I’m a broken human being. Quite literally broken. I’ve got the MRI and CT Scans to prove it. And that’s incredibly frustrating.

At this stage of my life, I need to be stronger. I need to be wiser. I need to be the kind of leader, and father, and husband, and friend that people can lean back into without my spine (actually) crumbling under the weight. In fact, that’s what I’ve been begging God for over the past few months – to make me stronger! And yet here I am, having never felt more weak. I pray for one noble thing, for the power to steward the growing responsibilities being placed on me, and I get the exact opposite. What kind of promise is that?

And then He whispers…

“‘My grace is all you need. My power works best in weakness.’ So now I am glad to boast about my weaknesses, so that the power of Christ can work through me.” –2 Corinthians 12:9 NLT

Sometimes God gives us exactly what we ask for, even when we don’t understand what we’re asking for. Sometimes the most empowering gift we can receive is learning that we’re not the One in power. Sometimes the strength we long for requires us to embrace our weakness.

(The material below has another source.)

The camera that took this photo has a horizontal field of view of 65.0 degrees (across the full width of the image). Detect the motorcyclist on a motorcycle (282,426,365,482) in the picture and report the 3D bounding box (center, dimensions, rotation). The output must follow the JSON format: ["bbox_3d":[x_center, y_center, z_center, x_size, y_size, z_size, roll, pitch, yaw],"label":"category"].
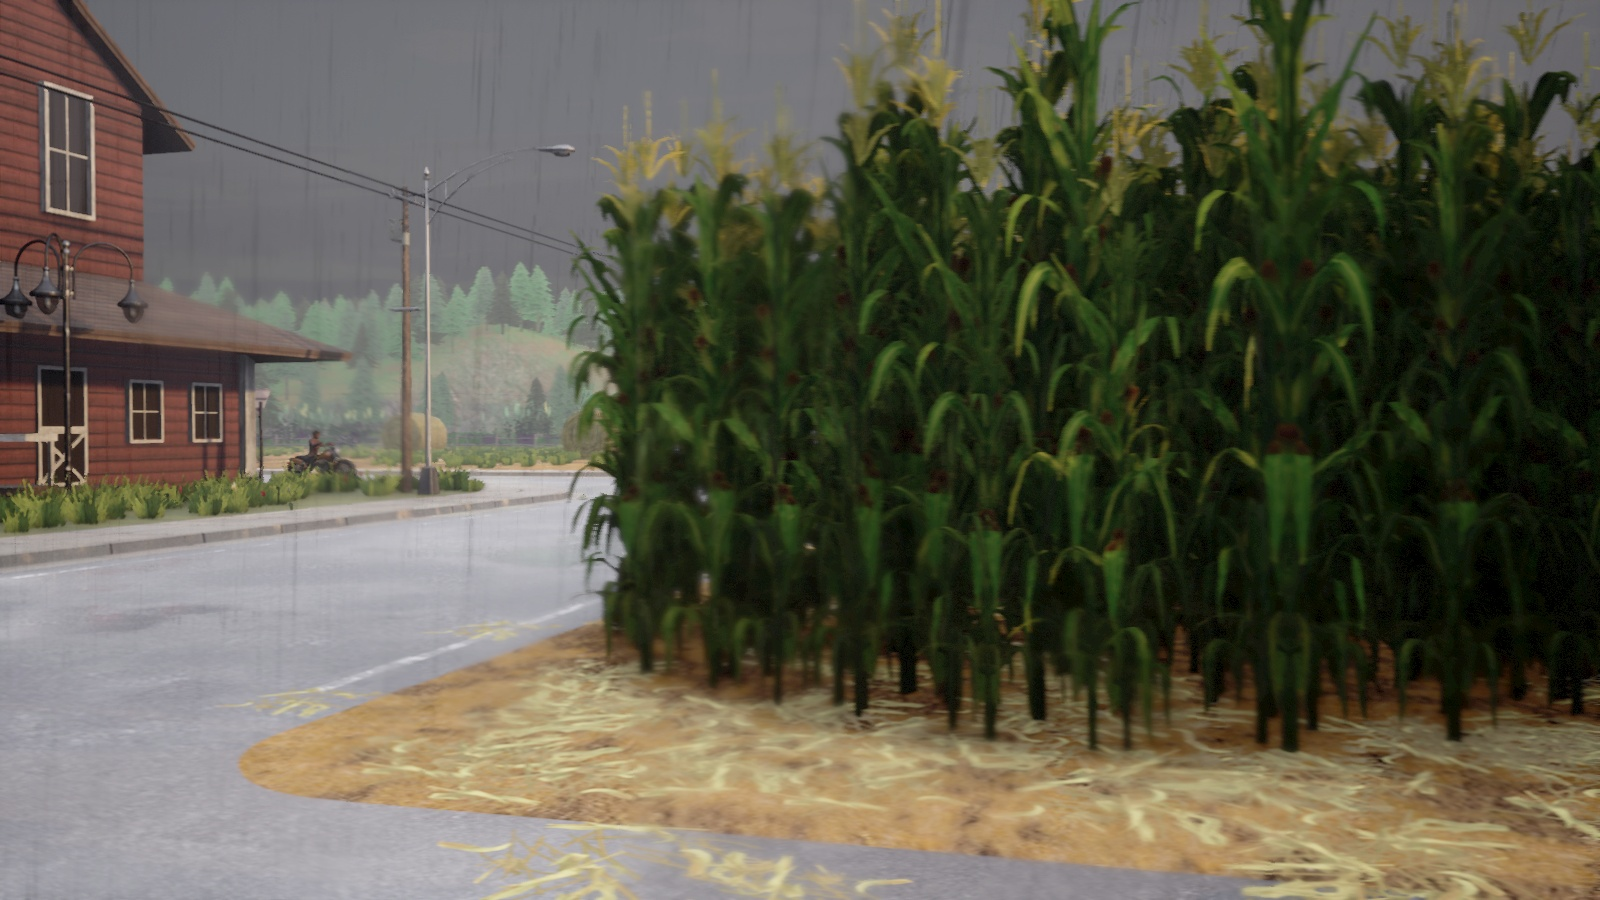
[{"bbox_3d":[-14.514,0.103,38.236,2.350,1.649,0.766,1,1,14],"label":"motorcyclist on a motorcycle"}]

I don’t know what you’re facing today. It might be much more catastrophic than an unclassified seizure or a fractured back. All I can tell you is that it’s ok to be feeble, to be broken, to be weak. Real strength is found in the most counterintuitive places.

10 responses to Finding Strength in the Back of an Ambulance

  1. This is what I posted this morning. I hope you find comfort in the fact that there are people praying for you.

    I was struck by this passage that the Apostle Paul wrote to the Corinthian church.

    We think you ought to know, dear brothers and sisters, about the trouble we went through in the province of Asia. We were crushed and overwhelmed beyond our ability to endure, and we thought we would never live through it. In fact, we expected to die.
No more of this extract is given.